- Genre: Biographical Crime Drama
- Written by: Ed Whitmore Tracey Malon
- Directed by: Craig Viveiros
- Starring: Tim Roth Samantha Morton Nico Mirallegro Jodie Comer
- Country of origin: United Kingdom
- Original language: English
- No. of series: 1
- No. of episodes: 3

Production
- Executive producers: Phillippa Giles Hilary Salmon Elizabeth Kilgarriff
- Producer: Sharon Bloom
- Production locations: London, England Glasgow, Scotland Paisley, Scotland Dumbarton, Scotland
- Cinematography: James Friend
- Editor: Sam White
- Running time: 58 minutes
- Production companies: BBC Bandit Television

Original release
- Network: BBC One
- Release: 29 November – 13 December 2016

= Rillington Place =

2016 BBC television miniseries

Rillington Place is a three-part biographical crime drama about the real life case of serial killer John Christie, and the subsequent wrongful execution of Timothy Evans. It premiered on 29 November 2016 on BBC One.

==Premise==
The miniseries revolves around the home life of John Christie and his wife, Ethel, as he commits a string of murders during the 1940s and early 1950s. Each of the three episodes tells the story as seen from the respective point of view of the three main characters: Ethel Christie, Timothy Evans and John Christie.

==Cast==
- Tim Roth as John Christie
- Samantha Morton as Ethel Christie
- Nico Mirallegro as Timothy Evans
- Jodie Comer as Beryl Evans

==Production==
As Rillington Place no longer exists (it was demolished in the early 1970s) the interiors of 10 Rillington Place were recreated at BBC Scotland’s Dumbarton Studios near Glasgow, whilst the exteriors of the street were shot on a set created in a parking lot at the same studio, though the exterior set of Rillington Place is scaled down with just eight houses recreated, (four on one side of the street and four on the other).

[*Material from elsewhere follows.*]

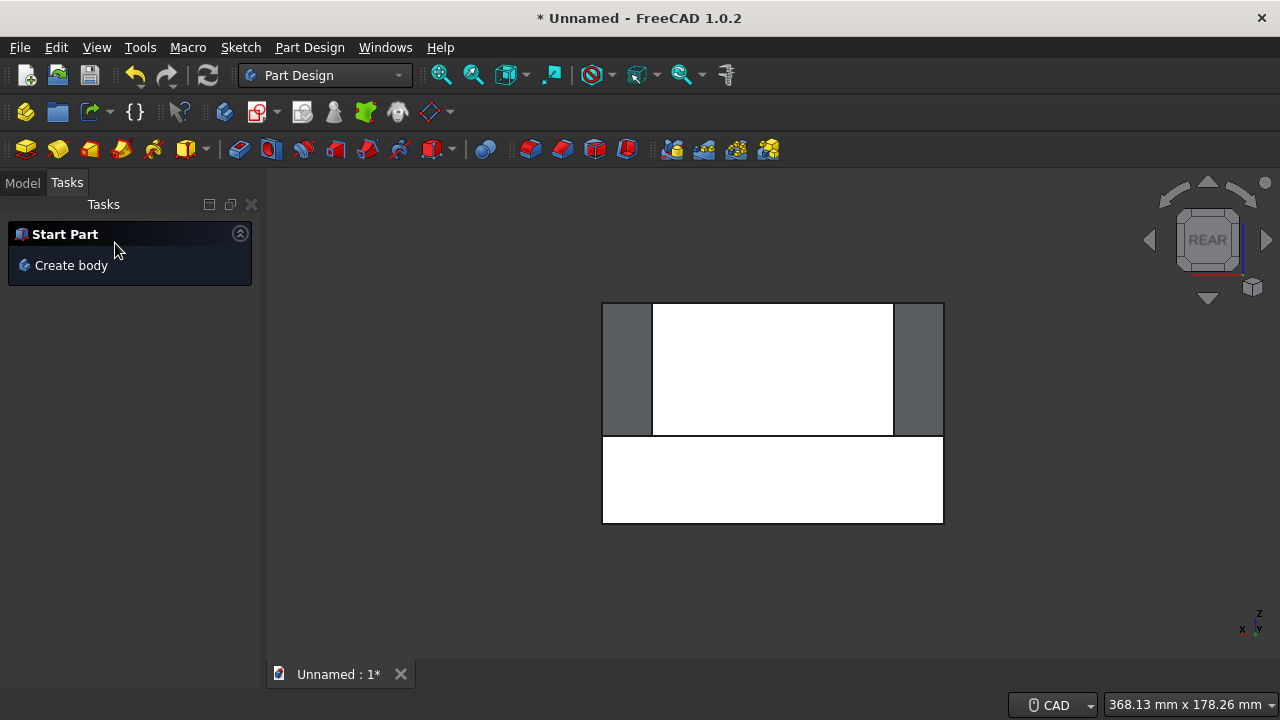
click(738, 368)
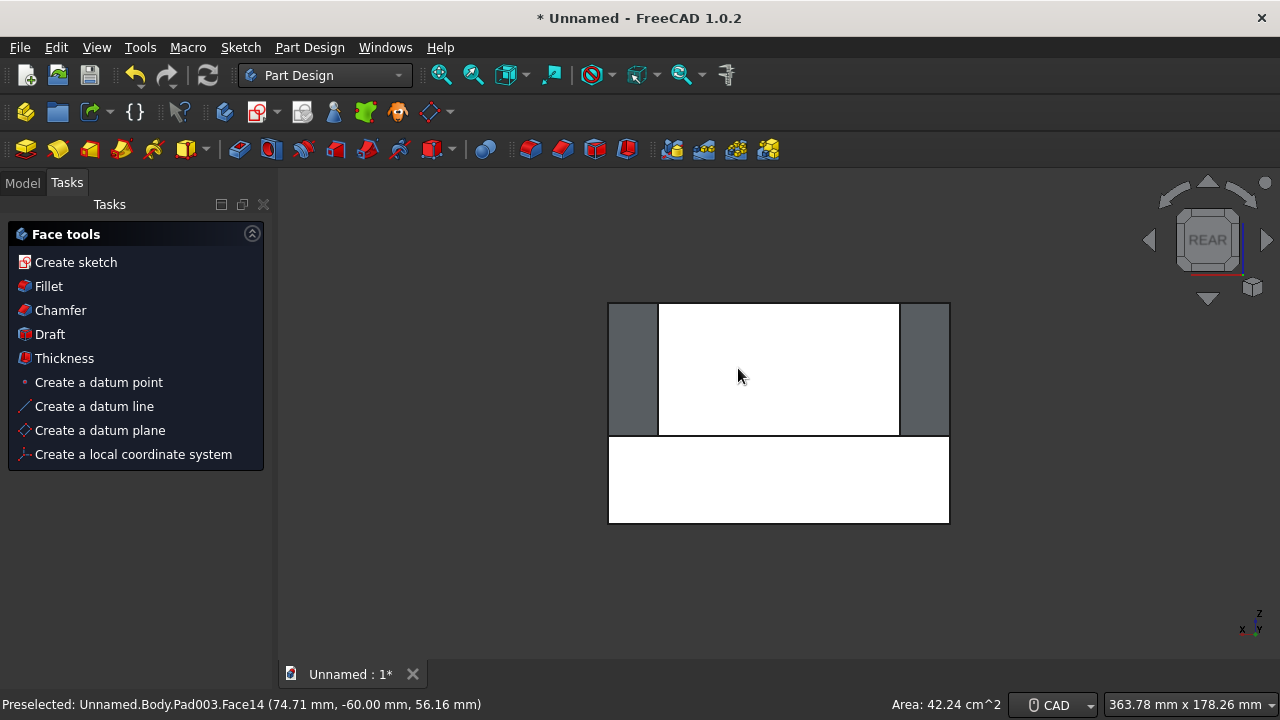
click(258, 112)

Other locations across Scotland were used to represent London. The Bo'ness and Kinneil Railway for the railway station and train, New Street in Paisley, West Princes Street and West Street in Glasgow, representing the link between Rillington Place and the rest of Ladbroke Grove in London. Filming also made use of the Western Baths Club. The Ballantine Castings Factory in Bo'ness was used for the bombed-out section of the factory at the end of Rillington Place.

==Broadcast==
On 29 November 2016, the first episode premiered on BBC One. Internationally, the series premiered on BBC First on 8 February 2017.
==Reception==
The series got largely positive reviews from critics, who applauded the performances and the storytelling. Lucy Mangan of The Guardian remarked, 'The sheer menace of the thing is extraordinary. The interiors are tiny, dark, oppressive. The script is minimal, elliptical', and 'Obviously it is a tale that has been told many times before. But the limning of the manipulation, the entrapment, the complicity without blame, the forced compromises, and the black misery spreading from one man’s evil has surely rarely been better done.' Sally Newall in The Independent praised Roth, Morton and the direction. However, it also attracted mixed reactions from some viewers who complained about the "mumbling" and the "inaudible dialogue" of the actors.

Following the second episode on 6 December, Sarah Doran of RadioTimes.com noted that several viewers had been confused by Mirallegro's use of two different accents while portraying Evans, as the actor switched between Cockney and Welsh accents. However, writers Ed Whitmore and Tracey Malon told the website this had been deliberate, since it was a trait adopted by Evans himself in an attempt to fit into his surroundings: "Tim moved to London from Wales around the age of eleven, his half-sister told us he was very keen to fit in and soon adopted a London 'barrow-boy' accent, but that he could slip back into his childhood accent when around members of his Welsh family. Nico [Mirallegro] wanted to reflect Tim's malleability and that desire to fit in by using different accents according to who he was talking to."